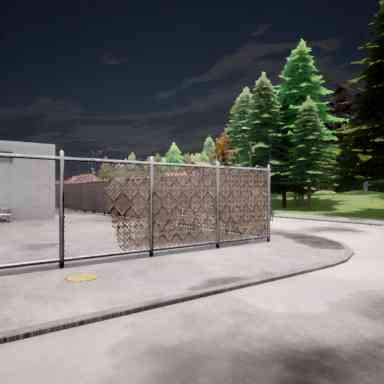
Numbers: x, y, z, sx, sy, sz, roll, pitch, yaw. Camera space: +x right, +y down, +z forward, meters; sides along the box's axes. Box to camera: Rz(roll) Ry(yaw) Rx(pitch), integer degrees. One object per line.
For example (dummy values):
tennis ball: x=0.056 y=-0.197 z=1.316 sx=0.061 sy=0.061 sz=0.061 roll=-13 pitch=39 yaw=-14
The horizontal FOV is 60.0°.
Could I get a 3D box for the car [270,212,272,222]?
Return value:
car: x=3.555 y=1.478 z=24.140 sx=1.882 sy=1.535 sz=5.008 roll=0 pitch=0 yaw=-35
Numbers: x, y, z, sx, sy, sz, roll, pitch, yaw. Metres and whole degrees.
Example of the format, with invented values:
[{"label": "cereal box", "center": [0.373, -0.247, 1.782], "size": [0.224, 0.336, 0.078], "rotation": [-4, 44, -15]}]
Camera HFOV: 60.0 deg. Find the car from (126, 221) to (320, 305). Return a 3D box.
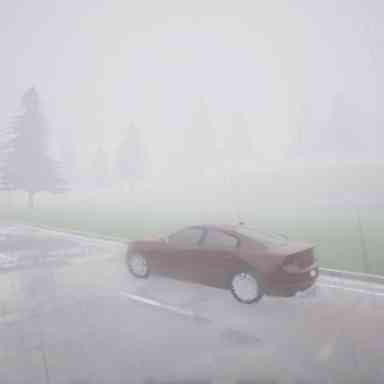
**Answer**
[{"label": "car", "center": [0.482, 1.464, 8.201], "size": [5.008, 1.535, 1.882], "rotation": [0, 0, 37]}]
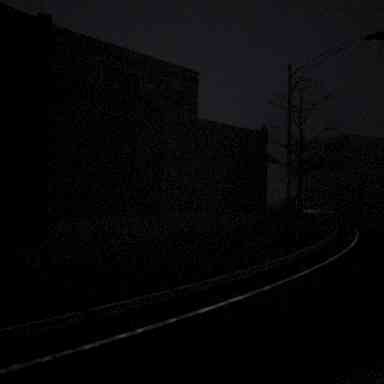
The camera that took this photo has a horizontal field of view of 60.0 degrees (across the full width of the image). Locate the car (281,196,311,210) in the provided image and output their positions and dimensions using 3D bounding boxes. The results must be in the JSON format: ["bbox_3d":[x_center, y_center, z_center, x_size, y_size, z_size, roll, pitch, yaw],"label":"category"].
[{"bbox_3d":[13.738,1.388,44.022,2.097,1.767,4.553,1,0,-13],"label":"car"}]
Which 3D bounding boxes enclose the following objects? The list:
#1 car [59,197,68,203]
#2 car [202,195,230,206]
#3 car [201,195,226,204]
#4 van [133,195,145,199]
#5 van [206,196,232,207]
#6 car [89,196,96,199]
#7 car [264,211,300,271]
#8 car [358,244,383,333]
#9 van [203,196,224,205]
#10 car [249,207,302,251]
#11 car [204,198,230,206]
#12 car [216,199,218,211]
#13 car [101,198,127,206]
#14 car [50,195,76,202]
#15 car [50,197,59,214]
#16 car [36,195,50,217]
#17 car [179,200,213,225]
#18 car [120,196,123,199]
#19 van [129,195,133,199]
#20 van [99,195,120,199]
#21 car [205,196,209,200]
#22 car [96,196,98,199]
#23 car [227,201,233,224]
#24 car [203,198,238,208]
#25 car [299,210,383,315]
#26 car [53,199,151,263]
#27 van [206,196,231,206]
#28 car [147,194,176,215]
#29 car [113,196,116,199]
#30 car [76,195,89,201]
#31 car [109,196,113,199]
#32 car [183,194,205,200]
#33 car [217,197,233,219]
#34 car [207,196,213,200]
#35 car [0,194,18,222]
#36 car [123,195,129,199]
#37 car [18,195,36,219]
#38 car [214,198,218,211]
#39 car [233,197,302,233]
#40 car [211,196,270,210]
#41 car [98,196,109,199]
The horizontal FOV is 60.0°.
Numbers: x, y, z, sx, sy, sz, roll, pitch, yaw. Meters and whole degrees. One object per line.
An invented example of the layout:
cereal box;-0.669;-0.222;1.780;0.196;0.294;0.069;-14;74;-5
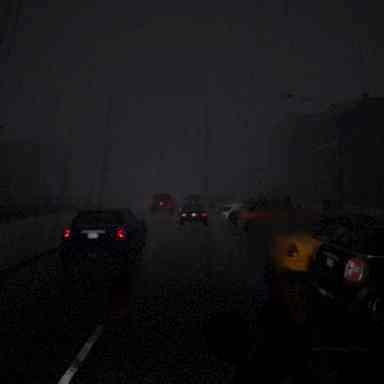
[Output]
car;-15.780;1.531;34.128;4.792;1.488;2.163;0;-1;0
car;4.757;1.697;67.315;5.566;2.045;2.435;0;-1;0
car;4.781;1.779;75.651;5.566;2.045;2.435;0;-1;0
van;-15.736;1.908;89.284;4.442;1.987;1.878;0;0;0
van;4.832;1.624;58.979;4.442;1.987;1.878;0;-1;0
car;-15.738;1.368;42.402;5.566;2.045;2.435;0;-1;0
car;4.895;1.434;8.848;5.366;1.575;1.946;0;0;0
car;4.680;1.492;3.415;4.792;1.488;2.163;0;0;0
van;4.627;1.779;72.874;4.442;1.987;1.878;0;0;0
car;4.716;1.427;11.627;4.892;1.521;2.231;0;0;0
car;4.716;1.918;64.412;4.892;1.521;2.231;0;-1;0
car;4.709;1.470;28.412;4.674;1.452;2.002;0;0;0
car;-15.783;1.978;67.219;4.792;1.488;2.163;0;-1;0
car;-15.787;1.411;36.888;4.553;1.767;2.185;0;-1;0
car;-15.741;1.468;31.377;5.008;1.535;2.097;0;0;0
car;-15.713;1.194;28.622;5.566;2.045;2.435;0;0;0
car;0.101;1.471;23.089;2.033;1.411;5.357;0;0;0
car;-15.833;1.761;61.704;4.553;1.767;2.185;0;-1;0
van;-15.939;1.779;72.740;4.442;1.987;1.878;0;-1;0
van;-15.680;1.627;58.948;4.442;1.987;1.878;0;-1;0
car;4.707;1.695;47.859;5.008;1.535;2.097;0;-1;0
car;-15.740;1.535;45.157;4.553;1.767;2.185;0;-1;0
car;4.709;1.441;20.086;4.674;1.452;2.002;0;0;0
car;4.528;1.772;53.293;5.366;1.575;1.946;0;-1;0
car;4.682;1.324;6.186;4.553;1.767;2.185;0;0;0
car;-2.900;1.297;11.868;2.097;1.767;4.553;0;0;0
van;4.836;1.658;61.632;4.442;1.987;1.878;0;-1;0
car;-2.898;1.229;34.078;2.150;2.045;5.566;0;-1;0
car;-15.789;1.857;56.186;4.674;1.452;2.002;0;-1;0
car;-15.790;1.326;39.645;5.566;2.045;2.435;0;-1;0
car;-15.972;1.777;53.430;5.366;1.575;1.946;0;-1;0
car;0.101;1.333;41.121;2.150;2.045;5.566;0;-1;-1
car;4.897;1.411;25.639;5.366;1.575;1.946;0;0;0
car;4.718;1.610;42.300;4.892;1.521;2.231;0;-1;0
car;-15.703;1.165;23.112;5.566;2.045;2.435;0;0;0
car;-15.779;1.667;64.465;5.566;2.045;2.435;0;-1;0
car;-15.708;1.175;25.869;5.566;2.045;2.435;0;0;0
car;4.714;1.493;31.070;4.674;1.452;2.002;0;-1;0
car;4.679;1.279;17.308;4.553;1.767;2.185;0;0;0
car;4.897;1.482;33.841;5.366;1.575;1.946;0;-1;0
car;-15.967;1.738;50.671;5.366;1.575;1.946;0;-1;0
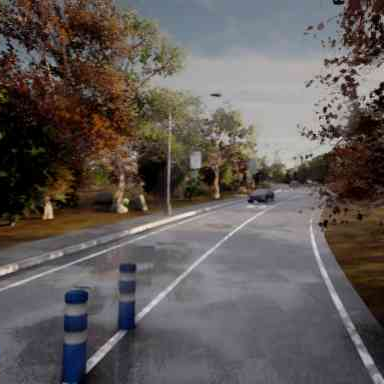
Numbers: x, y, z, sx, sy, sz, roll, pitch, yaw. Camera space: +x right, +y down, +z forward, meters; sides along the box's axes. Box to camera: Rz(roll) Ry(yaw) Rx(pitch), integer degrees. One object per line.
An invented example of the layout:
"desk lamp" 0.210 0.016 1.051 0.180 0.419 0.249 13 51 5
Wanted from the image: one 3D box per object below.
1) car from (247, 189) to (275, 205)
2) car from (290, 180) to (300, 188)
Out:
"car" 6.953 0.407 33.028 2.033 1.411 5.357 0 3 24
"car" 22.263 -1.695 71.988 2.097 1.767 4.553 1 3 16
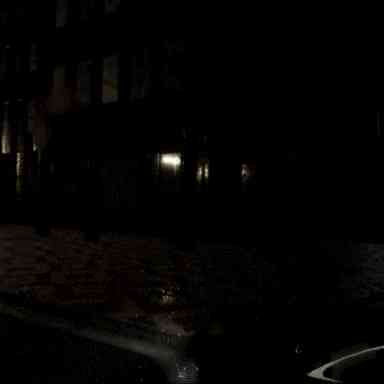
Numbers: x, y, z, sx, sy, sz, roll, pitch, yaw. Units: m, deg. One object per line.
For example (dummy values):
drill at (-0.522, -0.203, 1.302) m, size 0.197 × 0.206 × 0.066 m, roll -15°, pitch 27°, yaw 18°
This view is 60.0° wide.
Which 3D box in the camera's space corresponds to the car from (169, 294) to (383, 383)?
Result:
car at (2.122, 1.636, 2.669) m, size 4.892 × 1.490 × 1.837 m, roll 1°, pitch -2°, yaw 28°
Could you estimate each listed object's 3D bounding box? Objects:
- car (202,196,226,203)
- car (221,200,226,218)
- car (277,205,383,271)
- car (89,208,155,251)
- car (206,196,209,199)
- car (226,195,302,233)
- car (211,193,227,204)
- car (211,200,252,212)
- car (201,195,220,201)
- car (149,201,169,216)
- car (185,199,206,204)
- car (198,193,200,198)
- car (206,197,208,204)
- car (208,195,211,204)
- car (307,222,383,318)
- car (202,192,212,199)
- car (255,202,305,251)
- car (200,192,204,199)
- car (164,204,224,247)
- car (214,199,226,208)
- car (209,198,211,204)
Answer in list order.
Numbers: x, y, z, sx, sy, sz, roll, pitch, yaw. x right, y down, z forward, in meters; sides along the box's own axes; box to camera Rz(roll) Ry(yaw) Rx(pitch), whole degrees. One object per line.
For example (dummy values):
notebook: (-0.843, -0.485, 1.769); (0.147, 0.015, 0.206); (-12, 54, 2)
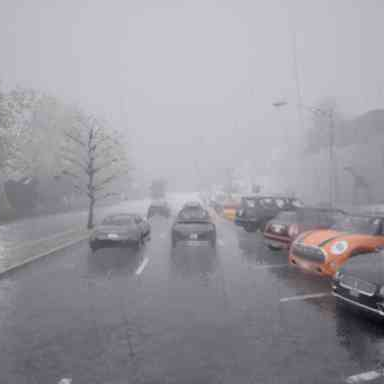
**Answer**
car: (4.986, 1.766, 75.579); (4.792, 1.488, 2.163); (1, 1, -20)
car: (5.225, 1.581, 24.619); (5.366, 1.575, 1.946); (1, -1, -20)
car: (5.097, 1.382, 9.556); (4.553, 1.767, 2.185); (1, 0, -20)
car: (-2.929, 1.601, 14.319); (1.994, 1.385, 4.181); (0, 0, 0)
car: (5.057, 1.820, 51.581); (4.792, 1.488, 2.163); (1, 0, -20)
car: (5.084, 1.292, 18.569); (5.566, 2.045, 2.435); (1, -1, -20)
car: (5.027, 1.376, 30.539); (5.566, 2.045, 2.435); (1, 0, -20)
car: (5.041, 1.775, 42.557); (4.674, 1.452, 2.002); (1, 0, -20)
car: (4.996, 1.676, 90.603); (4.674, 1.452, 2.002); (1, 0, -20)
car: (-2.936, 1.647, 30.648); (1.837, 1.490, 4.892); (0, 0, 0)
car: (0.063, 1.646, 30.603); (1.837, 1.490, 4.892); (0, 0, 0)
car: (4.977, 1.686, 87.584); (4.792, 1.488, 2.163); (1, 1, -20)
car: (5.036, 1.820, 48.556); (4.674, 1.452, 2.002); (1, 0, -20)
car: (5.068, 1.632, 45.569); (4.553, 1.767, 2.185); (1, 0, -20)
car: (5.074, 1.501, 6.546); (4.892, 1.521, 2.231); (1, 0, -20)
car: (5.057, 1.550, 54.581); (5.566, 2.045, 2.435); (1, 0, -20)
car: (5.032, 1.390, 12.542); (4.553, 1.767, 2.185); (1, -1, -20)
car: (4.999, 1.550, 63.562); (5.566, 2.045, 2.435); (1, 1, -20)
car: (0.074, 1.532, 15.270); (2.128, 1.511, 4.902); (0, 0, 0)
car: (4.876, 1.596, 27.485); (5.366, 1.575, 1.946); (1, 0, -20)
car: (5.033, 1.709, 39.557); (5.008, 1.535, 2.097); (1, -1, -20)
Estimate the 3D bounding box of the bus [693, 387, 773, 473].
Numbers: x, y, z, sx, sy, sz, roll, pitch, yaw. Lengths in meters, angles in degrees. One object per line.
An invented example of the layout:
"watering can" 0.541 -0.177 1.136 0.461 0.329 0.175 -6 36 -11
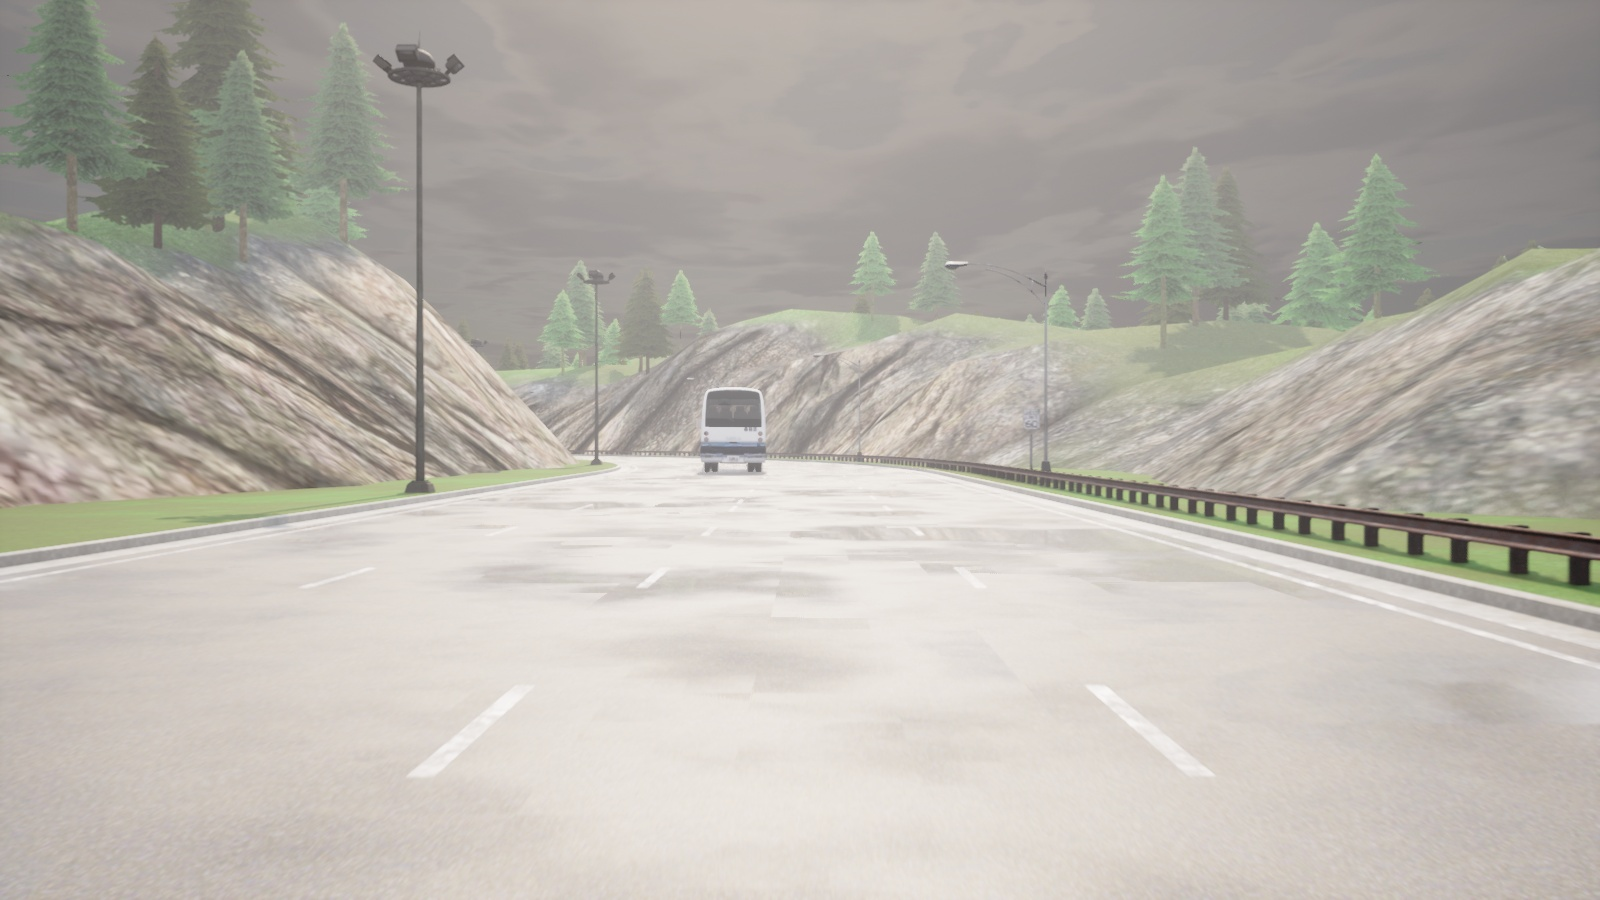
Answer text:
"bus" -3.653 -1.015 67.693 3.944 4.253 10.273 0 0 -4

+---+

**Task instructions**
Retype only the stretch of lines above starting at the one with "#2 car [202,195,230,206]" and stopping at the one with "#15 car [50,197,59,214]", exactly as written, with both kept.

**Answer section**
#2 car [202,195,230,206]
#3 car [201,195,226,204]
#4 van [133,195,145,199]
#5 van [206,196,232,207]
#6 car [89,196,96,199]
#7 car [264,211,300,271]
#8 car [358,244,383,333]
#9 van [203,196,224,205]
#10 car [249,207,302,251]
#11 car [204,198,230,206]
#12 car [216,199,218,211]
#13 car [101,198,127,206]
#14 car [50,195,76,202]
#15 car [50,197,59,214]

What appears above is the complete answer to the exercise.